Training employees never to click on links unless they have been verified is critical.   Social engineering by which employees are lured to bogus websites or click on tainted links in emails or text messages that have been specifically tailored to appear trustworthy is the primary way that a variety of malware including keystroke logging malware and ransomware is delivered. Also, companies should consider the use of whitelisting or antivirus software which will prevent the downloading of any software that has not been previously approved. This provides tremendous protection even if an employee clicks on an infected link.

Malware that can steal data can be used for purposes of identity theft of both employees and clients. Malware can steal financial data used to access company bank accounts or social engineering, such as in the case of the Business Email Compromise can convince an employee to send payments to the thief believing it is a legitimate transaction.

Employees are also targeted by spear phishing emails to lure them into clicking on links in emails and downloading a wide range of malware.

Ransomware or malware can harvest company financial information that can be exploited for identity theft or direct theft from financial accounts of the company.  Companies should make sure that they are using the most up to date security software that can recognize spear phishing emails.

It is also essential to update security software as soon as the latest patches are issued. Equifax suffered its massive data breach when a vulnerability in its Apache software was exploited although Apache had a patch for the particular vulnerability months in advance. However, Equifax failed to update its software in a timely fashion.

Social engineering also encompasses infected bogus websites that may be attractive to employees.  Certain types of websites should be blocked by work computers or devices.  Also, some advanced kind of malvertising malware can be downloaded merely by going to the infected site without even clicking on anything.  This type of malvertising can often appear on legitimate websites which is why it makes sense to use adware software to prevent it from being downloaded.

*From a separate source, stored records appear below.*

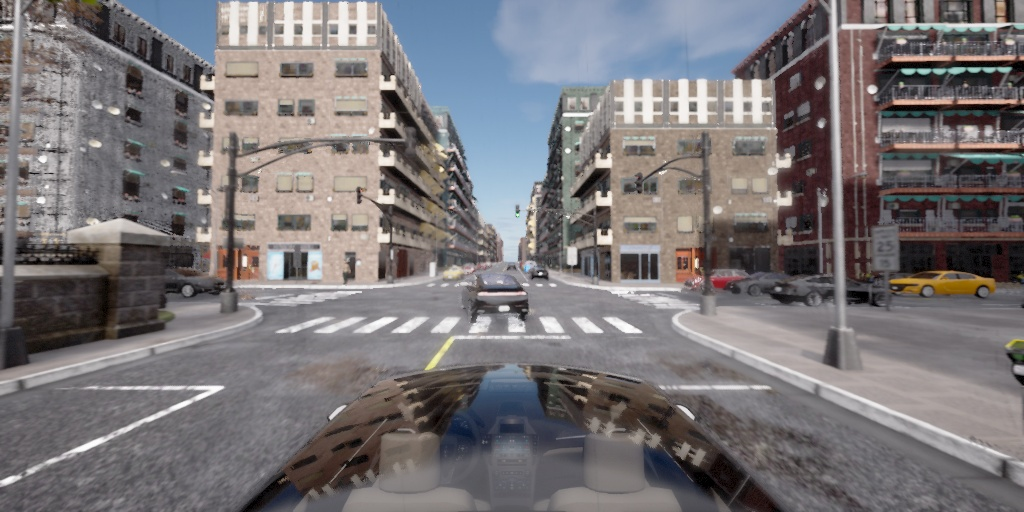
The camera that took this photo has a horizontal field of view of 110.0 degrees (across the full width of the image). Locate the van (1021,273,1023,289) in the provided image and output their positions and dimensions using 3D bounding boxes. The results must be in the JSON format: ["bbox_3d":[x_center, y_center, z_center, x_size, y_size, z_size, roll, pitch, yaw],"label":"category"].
[{"bbox_3d":[24.802,1.314,15.245,3.998,1.789,1.690,0,0,1],"label":"van"}]

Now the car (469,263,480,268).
[{"bbox_3d":[-5.714,1.685,46.857,1.967,1.591,4.097,0,0,0],"label":"car"}]

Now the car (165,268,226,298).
[{"bbox_3d":[-17.143,1.322,18.304,4.892,1.490,1.837,0,-2,1],"label":"car"}]

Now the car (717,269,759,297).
[{"bbox_3d":[14.943,1.648,21.166,4.181,1.385,1.994,0,-2,1],"label":"car"}]

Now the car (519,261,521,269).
[{"bbox_3d":[2.658,1.959,63.958,1.751,1.417,4.829,0,0,0],"label":"car"}]

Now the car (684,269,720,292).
[{"bbox_3d":[13.626,1.590,23.749,4.097,1.591,1.967,0,0,1],"label":"car"}]

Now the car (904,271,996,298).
[{"bbox_3d":[25.001,1.618,21.052,5.008,1.535,1.882,0,-2,1],"label":"car"}]

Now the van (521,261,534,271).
[{"bbox_3d":[2.664,1.649,52.503,1.690,1.789,3.998,0,0,0],"label":"van"}]

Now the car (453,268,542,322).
[{"bbox_3d":[-0.781,1.364,12.934,2.128,1.511,4.902,1,-1,-13],"label":"car"}]

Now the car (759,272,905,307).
[{"bbox_3d":[13.527,1.476,15.372,4.313,1.339,1.948,0,0,1],"label":"car"}]

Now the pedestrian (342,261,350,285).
[{"bbox_3d":[-12.552,1.234,27.022,0.375,1.860,0.375,0,-2,1],"label":"pedestrian"}]

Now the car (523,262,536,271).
[{"bbox_3d":[2.670,1.734,41.220,2.007,1.370,4.403,0,0,0],"label":"car"}]

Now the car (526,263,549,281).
[{"bbox_3d":[2.673,1.687,35.577,1.948,1.339,4.313,0,0,0],"label":"car"}]

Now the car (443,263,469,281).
[{"bbox_3d":[-5.707,1.647,35.402,1.751,1.417,4.829,0,0,0],"label":"car"}]
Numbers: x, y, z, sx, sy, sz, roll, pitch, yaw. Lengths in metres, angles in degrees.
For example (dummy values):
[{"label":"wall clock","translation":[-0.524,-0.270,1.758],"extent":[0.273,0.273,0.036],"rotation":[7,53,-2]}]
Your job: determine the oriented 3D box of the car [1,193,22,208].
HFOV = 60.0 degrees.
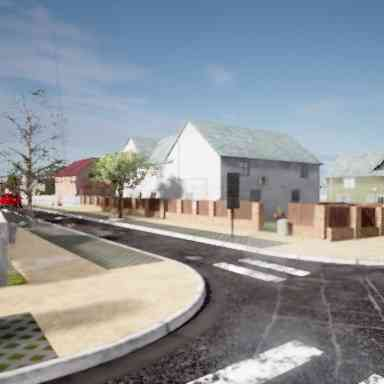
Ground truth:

Education is the most essential part of protecting companies from social engineering attacks. Education should be an ongoing process with frequent testing of employees as to vulnerability management.

Of course, security software that can recognize phishing emails should be used, but companies should realize that this type of software is far from totally effective.  For this reason, companies should also consider using whitelisting software that will not permit the downloading of any program that has not been previously approved.  This is good protection from when social engineering manages to convince the employee to click on an infected link because it will prevent the malware from being downloaded.

dennis chow Chief Information Security Officer

Dennis Chow

Dennis leads the Cyber Threat Intelligence planning grant for the entire U.S. healthcare vertical in collaboration With DHS and Health and Human Services.

The most common attacks are through the mediums from email, text messaging, and social media. At the end of the day, the attackers are interested in direct passwords, credit card numbers, or answers to password recovery questions for password resets. The victims tend to vary, but it is almost always everyone in the organization because there’s some form of network access.

It’s not feasible to ‘prevent’ them per se, but you can reduce your risk and threat surface as a whole including:

  • Unsubscribing and reducing your sign ups with 3rd parties and advertisements. The more your email or names associated with an email list, the more eyes have access to target campaigns on their victims.
  • Take security awareness training seriously and look for signs that an email or other communication ‘isn’t quite right.’
  • Encourage your cybersecurity or IT provider to enhance their spam filters and PBX call filtration systems.